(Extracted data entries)
--- START ---
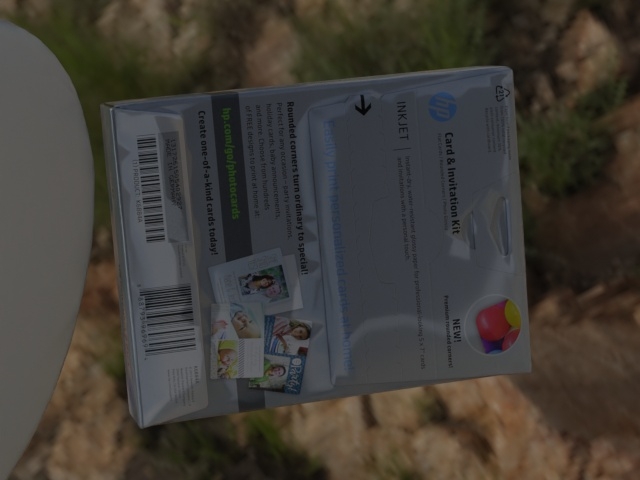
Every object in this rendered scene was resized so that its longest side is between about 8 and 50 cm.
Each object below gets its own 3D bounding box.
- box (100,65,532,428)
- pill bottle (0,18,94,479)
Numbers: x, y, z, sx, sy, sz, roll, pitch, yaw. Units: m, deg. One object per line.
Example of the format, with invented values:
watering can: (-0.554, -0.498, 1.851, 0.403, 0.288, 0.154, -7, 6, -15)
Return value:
box: (0.000, 0.000, 0.849, 0.186, 0.145, 0.038, -7, 10, -13)
pill bottle: (-0.292, -0.026, 0.648, 0.392, 0.224, 0.224, 16, 59, 21)
--- END ---
_What is required_
Write out the data above in full and exactly, but without the pictures.

_Exercise solution_
Every object in this rendered scene was resized so that its longest side is between about 8 and 50 cm.
Each object below gets its own 3D bounding box.
- box (100,65,532,428)
- pill bottle (0,18,94,479)
Numbers: x, y, z, sx, sy, sz, roll, pitch, yaw. Units: m, deg. One object per line.
Example of the format, with invented values:
watering can: (-0.554, -0.498, 1.851, 0.403, 0.288, 0.154, -7, 6, -15)
Return value:
box: (0.000, 0.000, 0.849, 0.186, 0.145, 0.038, -7, 10, -13)
pill bottle: (-0.292, -0.026, 0.648, 0.392, 0.224, 0.224, 16, 59, 21)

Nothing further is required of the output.